COMMENTARY | I'm startled to think that our economy is so fragile that the end of payroll tax cuts could send us into another economic recession. But that's just what some economists believe.
I thought about how the end of the 2 percent payroll tax cuts will affect my family finances. According to experts, it's extremely unlikely White House will push for an extension of the payroll tax cuts, which were intended a temporary measure. It seems no one is really championing an extension of the tax cut, even though it especially helps the Generation-X middle class.
According to a recent article by the New York Times, Americans will most likely see a jump in their tax bill. The higher the income a family has, the higher the jump in taxes.
Saving more for taxes
I've already started putting more money aside for taxes. I am not expecting a tax refund. I pay quarterly taxes, but it's hard to estimate our annual tax bill since our income fluctuates. Experts say the typical American had $1,000 in additional income due to the lower taxes. Since both my husband and I have full-time jobs, I expect we will pay about $1,500 to $1,800 more in taxes thanks to the end of the payroll tax cuts. I based my estimations on a chart by CNN Money that looked at how much more a person will pay based on salary.

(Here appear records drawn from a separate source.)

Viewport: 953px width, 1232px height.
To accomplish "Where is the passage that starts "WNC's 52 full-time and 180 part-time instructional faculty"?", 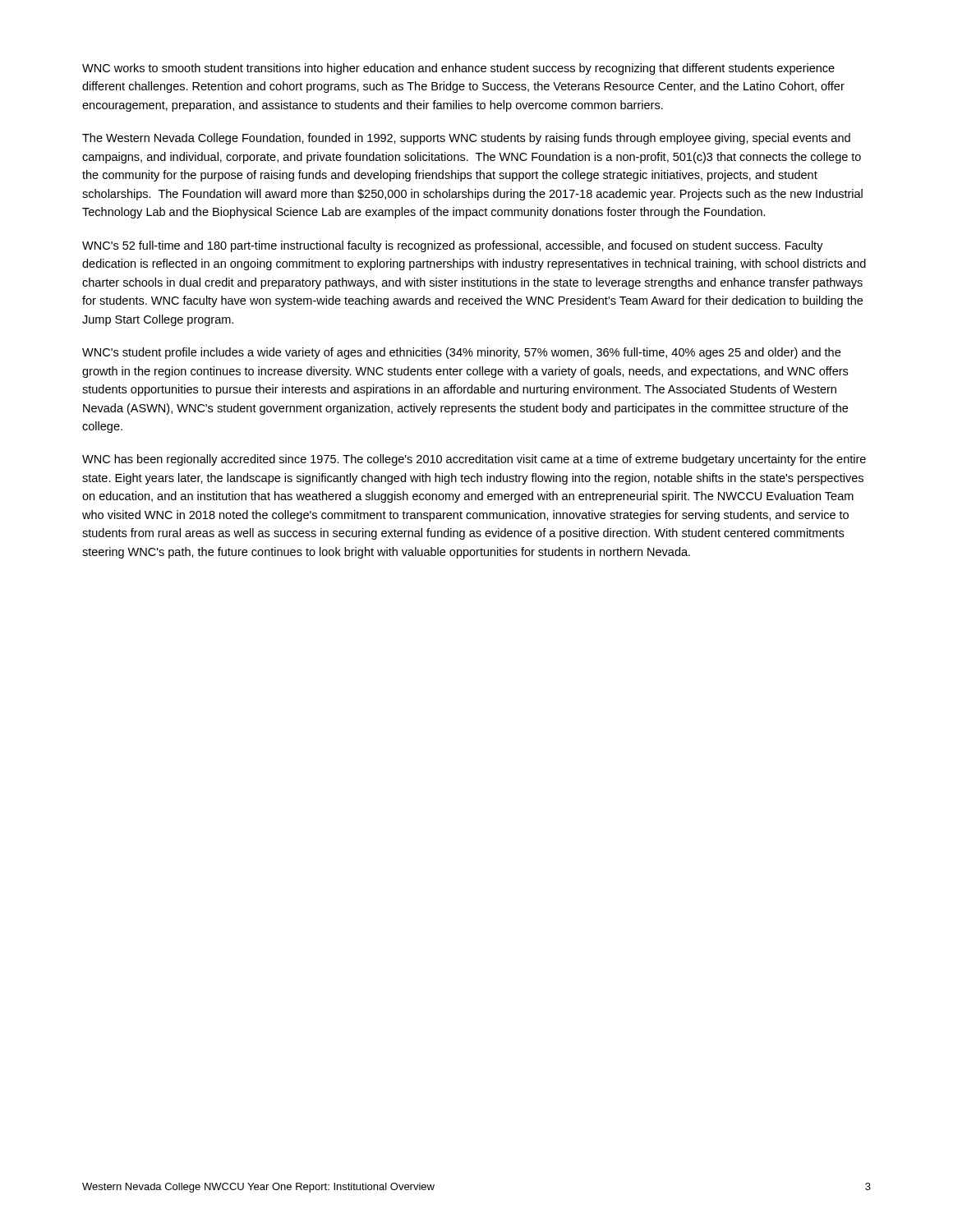I will [474, 282].
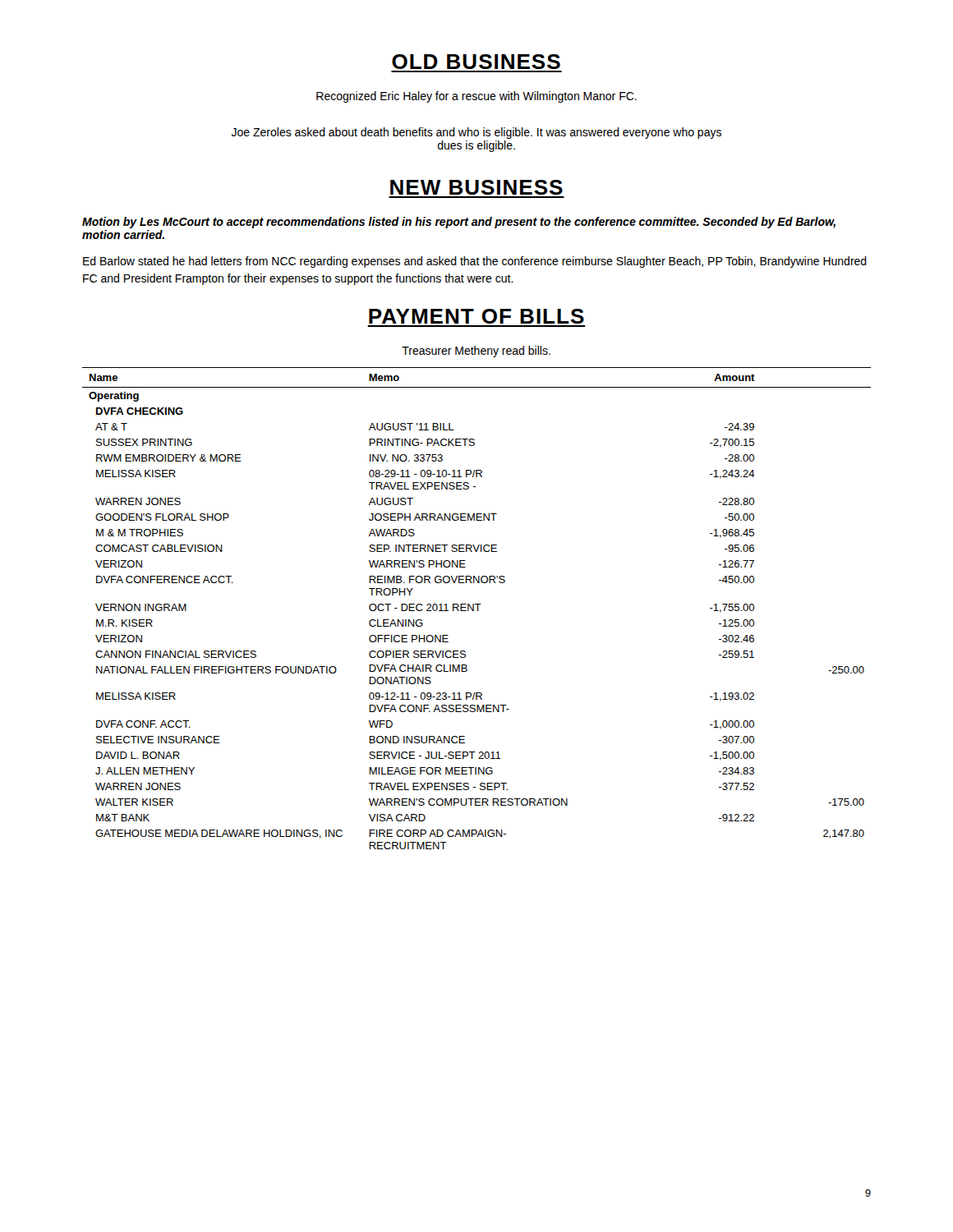
Task: Point to the text block starting "Motion by Les McCourt to accept recommendations"
Action: point(459,228)
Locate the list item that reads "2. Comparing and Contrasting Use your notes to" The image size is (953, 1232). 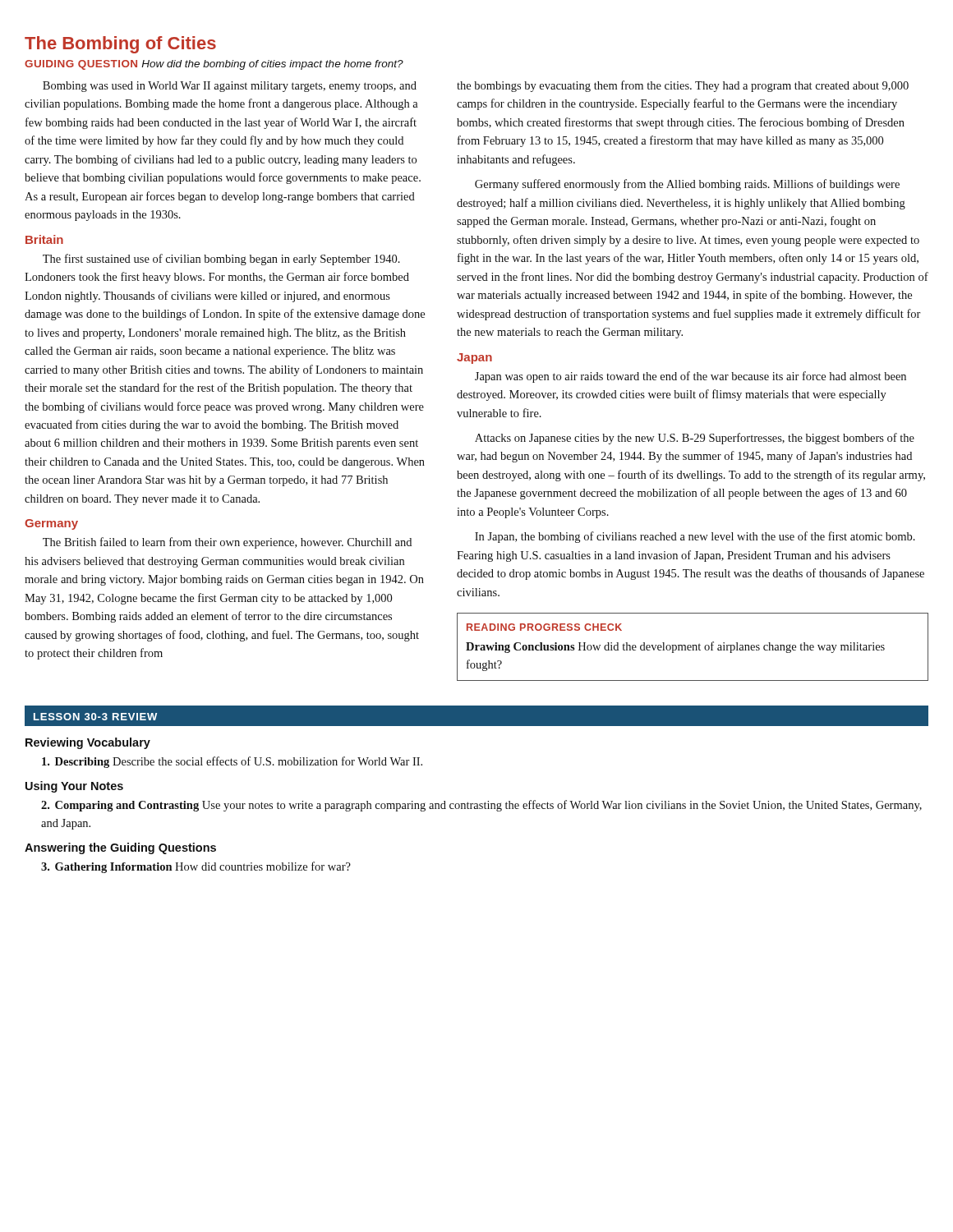476,814
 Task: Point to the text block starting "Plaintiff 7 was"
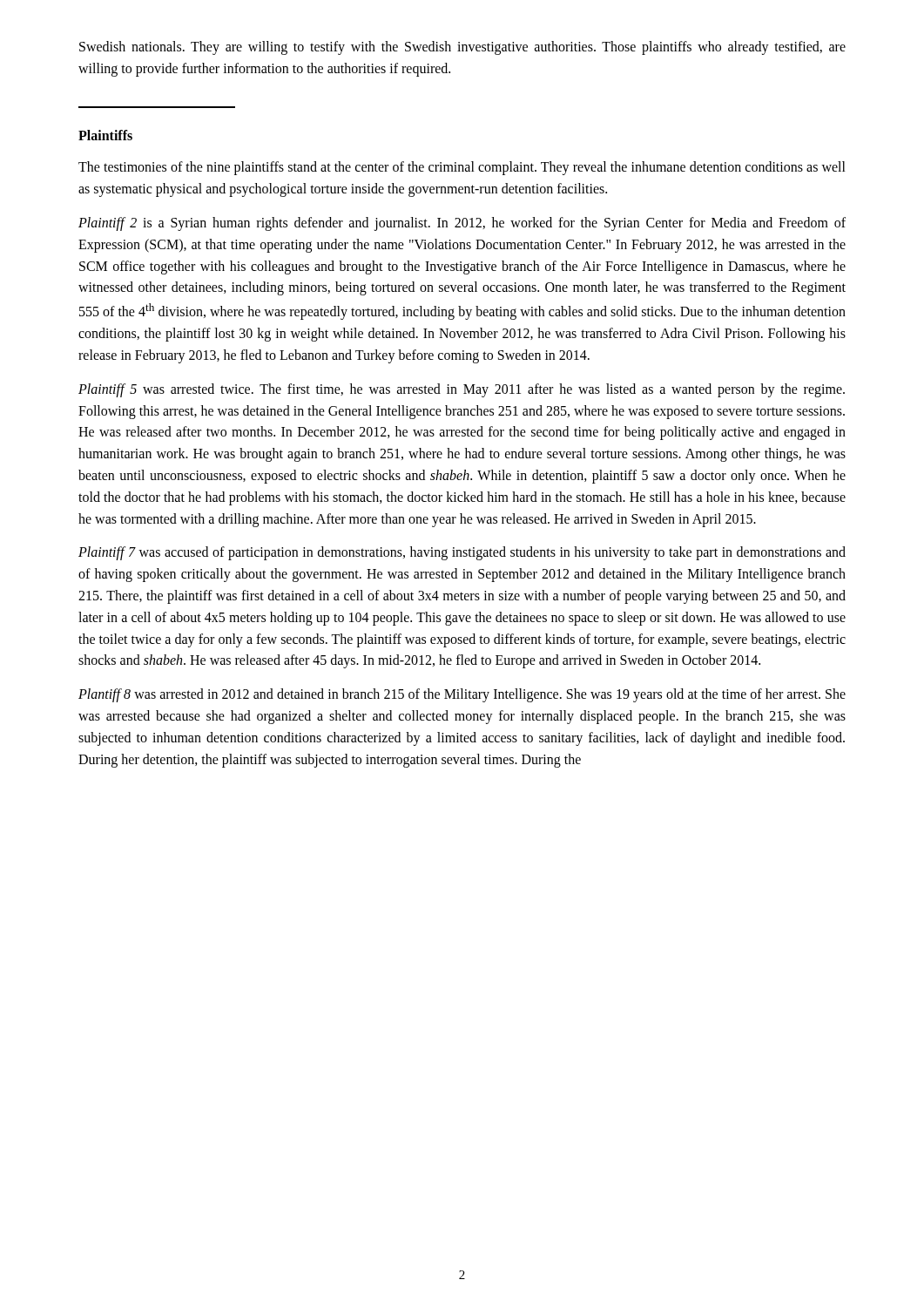(x=462, y=607)

The purpose of the tax cut was to stimulate spending. Without a doubt, I'm spending more money, but it's not because I have an extra grand in my pocket. It's because the prices of food and other products are rising. In fact, a recent report from the Commerce Department reported in the Wall Street Journal showed personal expenditures rose a half a percent in August compared to the month before. I blame it on high gasoline prices. The national average retail price of gas, according to Wall Street Journal, went up 47 cent a gallon since July.
Letting Social Security suffer
Experts say the payroll tax cuts will undermine Social Security. In 2010, Social Security took in less money than it paid out for the first time in its 75-year history, according to an article by NPR. The payroll tax holiday reduced Social Security revenues by $105 billion. Perhaps legislators should brainstorm new ways to fund Social Security instead of relying on payroll deductions. A lot of people accuse politicians of "raiding Social Security" and worry about a shortfall.
Baby boomers will probably be affected most by the payroll tax cut as their Social Security check gets smaller and smaller. Meanwhile, most baby boomers I know can't make it now on their current Social Security checks. And, they are struggling to get rehired after leaving the workforce.
Many people in Generation X don't count on Social Security benefits. I'd rather have a payroll tax deduction now and manage my own money. For me, that means taking the extra $1,000 to $1,500 every year and funding our Roth IRA accounts. I think I'm a better steward of my own money compared to the government.